Fig.9Broncopneumonia

 Figura 9: Broncopneumonia Humana. A: Pulmão demonstrando abscessos vistos macroscopicamente em forma de coleções amareladas no parênquima pulmonar; B: Microabscessos vistos à microscopia óptica no parênquima pulmonar (H&E).

 

  Experimentalmente, a broncopneumonia pode ser estudada em laboratório através da inoculação de Klebsiella pneumoniae, por via inalatória, em camundongos C57BL/6, após 5 dias de infecção, dando origem a microabscessos conforme ilustra a figura 10.

 

 Fig.10BroncopneumoniaExperimental

Figura 10: Modelo Experimental de Broncopneumonia. A: Camundongo C57BL/6; B: Fotomicrografia (H&E) 48 horas pós-inoculação de Klebsiella pneumonia por via inalatória; C: 5 dias pós-inoculação de Klebsiella pneumonia por via inalatória, onde pode-se observar infiltrado inflamatório a nível de bronquíolos, formando microabscessos.

 

4. Pielonefrite Aguda/Crônica

  Em humanos, a pielonefrite está associada a infecções bacterianas no trato urinário, causando uma inflamação, a princípio, de caráter agudo e, posteriormente, de caráter crônico, de acordo com a evolução da doença, demonstrando comprometimento glomerular, muitas vezes hemorrágico, levando os pacientes à hematúria, conforme ilustra a figura 11.

 

Fig.11PielonefriteHumana

Figura 11: Pielonefrite em humanos. A: Macroscopia da pielonefrite; B: Microscopia (H&E) da pielonefrite demonstrando infiltrado inflamatório entre os túbulos renais e eventuais focos hemorrágicos.

 

  Experimentalmente a pielonefrite pode ser reproduzida pela inoculação transuretral de Escherichia coli uropatogênica no trato genital de camundongos C3H/HeOuJ, sendo capaz de reproduzir os eventos inflamatórios, tanto agudos, quanto crônicos, dependendo do tempo de infecção, conforme demonstra a figura 12.

 

Fig.12PielonefriteExperimental

Figura 12: Modelo experimental de Pielonefrite.
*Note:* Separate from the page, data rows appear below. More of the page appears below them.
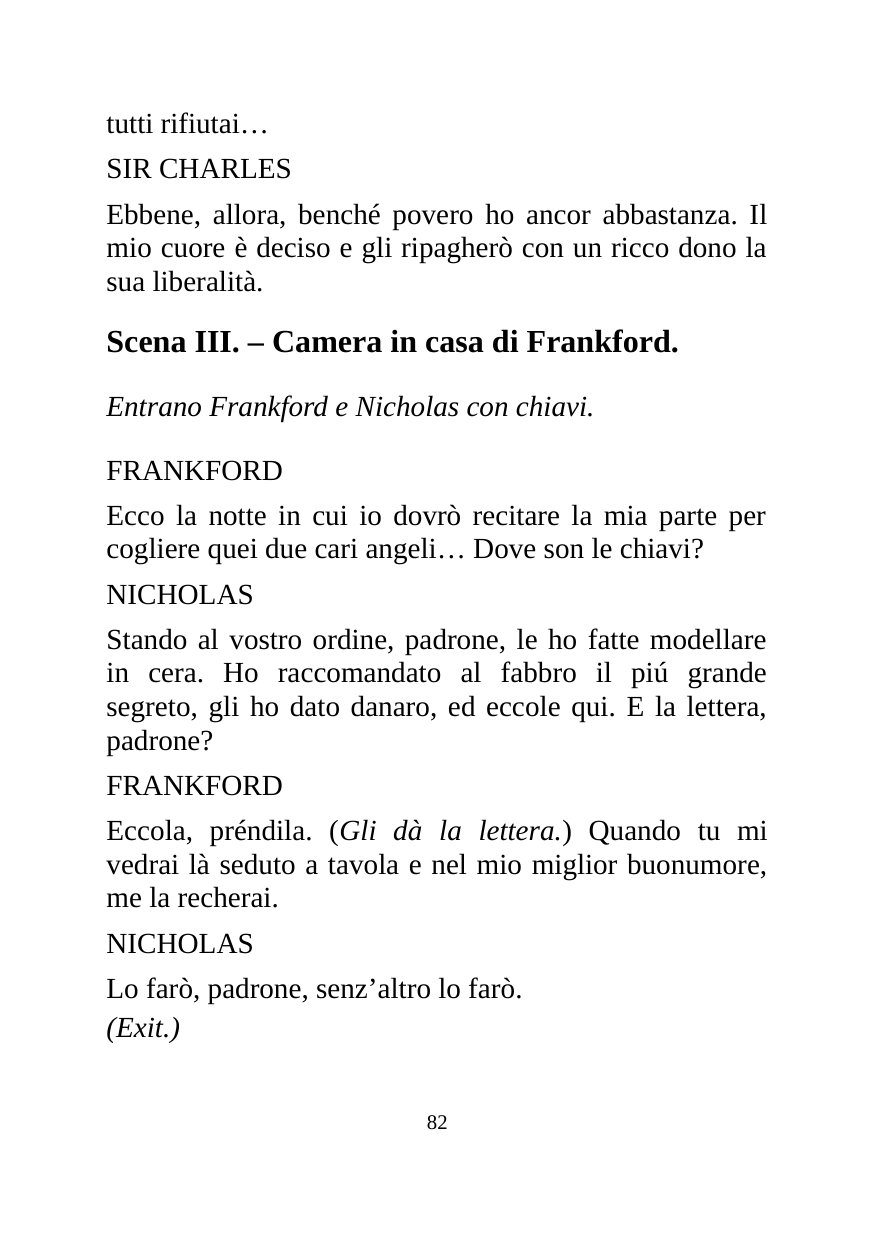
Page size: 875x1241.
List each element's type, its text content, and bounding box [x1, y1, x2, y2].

text Eccola, préndila. (Gli dà la lettera.) Quando tu mi vedrai là seduto a tavola e nel mio miglior buonumore, me la recherai. [106, 813, 768, 914]
text FRANKFORD [106, 768, 768, 802]
text SIR CHARLES [106, 152, 768, 185]
text FRANKFORD [106, 453, 768, 486]
text Entrano Frankford e Nicholas con chiavi. [106, 389, 768, 423]
text (Exit.) [106, 1011, 768, 1044]
text Lo farò, padrone, senz’altro lo farò. [106, 971, 768, 1004]
text tutti rifiutai… [106, 106, 768, 140]
text NICHOLAS [106, 577, 768, 610]
text NICHOLAS [106, 926, 768, 959]
text Ebbene, allora, benché povero ho ancor abbastanza. Il mio cuore è deciso e gli ripagherò con un ricco dono la sua liberalità. [106, 197, 768, 297]
subtitle Scena III. – Camera in casa di Frankford. [106, 322, 768, 359]
text Ecco la notte in cui io dovrò recitare la mia parte per cogliere quei due cari angeli… Dove son le chiavi? [106, 498, 768, 565]
text Stando al vostro ordine, padrone, le ho fatte modellare in cera. Ho raccomandato al fabbro il piú grande segreto, gli ho dato danaro, ed eccole qui. E la lettera, padrone? [106, 622, 768, 756]

A: Camundongo C3H/HeOuJ; B: Escherichia coli uropatogênica a ser inoculada na uretra de camundongos; C: Fotomicrografia (H&E) demonstrando infiltrado inflamatório no parênquima renal, na zona tubular; D: Exsudato inflamatório em zona glomerular formando um abscesso; E: Hialinização de glomérulos; F: Formação de trombo intravenoso, em meio a um microambiente inflamatório (T).

 

  Diante de todos esses exemplos, percebemos a tamanha importância da correlação clínico-experimental no entendimento da patogenia das doenças, bem como a abordagem multidisciplinar que formam a base para a Medicina Translacional.

  Um bom modelo experimental explica ou complementa a doença vista em humanos, bem como serve para modelos de estratégia preventiva, comportamental, assim como modelos de tratamento e resolução de doenças.